The claimed device is illustrated by drawings, where figure 1 shows a longitudinal section of the rotor and figure 2, 3 - its cross sections, and figure 4 shows a longitudinal section of an electric machine.

The rotor of an electric machine (see Figs. 1-3) contains a hollow shaft 1 of non-magnetic material and a cylinder 2 worn on it, made of a soft magnetic material with high magnetic permeability, in the longitudinal radial grooves 3 of which permanent magnets 4 are fixed, fixed by non-magnetic metal wedges 5 , the outer surface of which corresponds to the curvature of the outer surface of the cylinder 2. Cylinder 2 is rigidly bonded to the hollow shaft 1 and non-magnetic metal wedges 5 over the entire area of their contacts. In this case, the ends of the rotor are rigidly bonded to cylindrical bushings 6, 7 made of non-magnetic metal, coaxial and rigidly bonded to the hollow shaft 1, and the outer diameter of the cylindrical bushings 6, 7 is equal to the diameter of the rotor. The cylindrical bushings 6, 7 are provided with through grooves 8 oriented parallel to the longitudinal axis of the cylinder 2, while the through grooves 8 coincide in number and location with the longitudinal radial grooves 3 of the cylinder 2 and exceed their dimensions by an amount sufficient for free passage of permanent magnets 4 through them The permanent magnets 4 are equipped with means for fixing them 9 from axial movement in the longitudinal radial grooves 3 of the cylinder 2. The means for fixing 9 permanent magnets 4 in the longitudinal radial grooves 3 of the cylinder 2 are made They are in the form of non-magnetic metal parts repeating the cross section of the through grooves 8 of the cylindrical sleeve 7 and are tightly placed in the through grooves 8 of the cylindrical sleeve 7, in contact with the ends of the permanent magnets 4. The end face of the cylindrical sleeve 6 is closed by a cover 10, which is rigidly fixed to this sleeve. A locking ring 11 is put on the shaft 1 to prevent axial movement of the magnets 4 in the grooves 3. The sleeve 7 is closed by a removable cover 12. Vacuum diffusion welding is used to fasten the rigidly connected parts of the rotor.

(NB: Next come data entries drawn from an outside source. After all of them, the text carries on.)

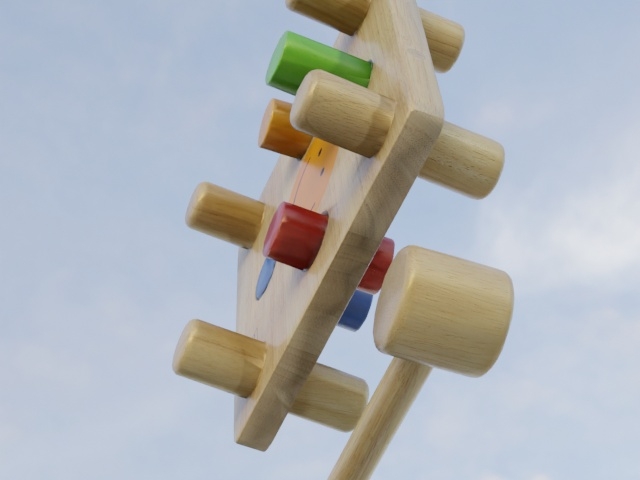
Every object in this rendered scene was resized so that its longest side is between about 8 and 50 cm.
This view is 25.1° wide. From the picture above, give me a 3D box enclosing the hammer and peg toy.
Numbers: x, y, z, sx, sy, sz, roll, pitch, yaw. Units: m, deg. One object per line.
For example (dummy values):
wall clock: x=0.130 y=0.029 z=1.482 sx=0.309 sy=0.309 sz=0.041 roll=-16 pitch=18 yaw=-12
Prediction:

Figure 4 shows the casing 13 of the electric machine, in the cavity of which the core of the stator 14 is installed, made in a known manner from one or more packages of electrical steel, with a winding 15. In the cavity of the core of the stator 14 there is a cylindrical sleeve 16 made of insulating non-magnetic material, for example, fiberglass, with an antifriction coating (for example, VAP-3) of the inner surface of the sleeve 16. The sleeve 16 is rigidly fixed from turning its end sections in the end shields 17, 18 of the housing 13 of the electric machines s.

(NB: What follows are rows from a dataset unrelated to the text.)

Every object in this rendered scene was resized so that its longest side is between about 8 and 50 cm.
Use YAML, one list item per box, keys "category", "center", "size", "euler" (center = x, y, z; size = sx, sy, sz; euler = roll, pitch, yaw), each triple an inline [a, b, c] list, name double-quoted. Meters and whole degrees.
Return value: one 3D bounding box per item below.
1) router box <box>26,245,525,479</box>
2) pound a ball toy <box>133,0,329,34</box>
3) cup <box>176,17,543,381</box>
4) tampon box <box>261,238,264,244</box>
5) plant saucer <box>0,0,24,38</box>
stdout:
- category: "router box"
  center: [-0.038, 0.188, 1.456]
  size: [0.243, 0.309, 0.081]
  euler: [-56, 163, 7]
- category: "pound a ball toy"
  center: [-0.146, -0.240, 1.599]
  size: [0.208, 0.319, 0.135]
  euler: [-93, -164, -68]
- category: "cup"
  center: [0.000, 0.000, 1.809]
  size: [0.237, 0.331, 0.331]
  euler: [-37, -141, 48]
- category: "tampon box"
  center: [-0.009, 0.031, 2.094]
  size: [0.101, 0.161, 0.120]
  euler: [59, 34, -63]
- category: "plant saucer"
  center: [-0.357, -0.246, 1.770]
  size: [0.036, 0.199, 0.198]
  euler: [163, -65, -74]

Between the outer cylindrical surface of the cylinder 2, the outer cylindrical surface of the bushings 6, 7 and the inner surface of the insulating non-magnetic sleeve 16, a small gap is left open from the side of the end shields 17, 18. The gas-dynamic bearing makes up the inner surface of the sleeve 16, the outer cylindrical surface of the cylinder 2, the outer cylindrical the surface of the bushings 6, 7 and the gap between them.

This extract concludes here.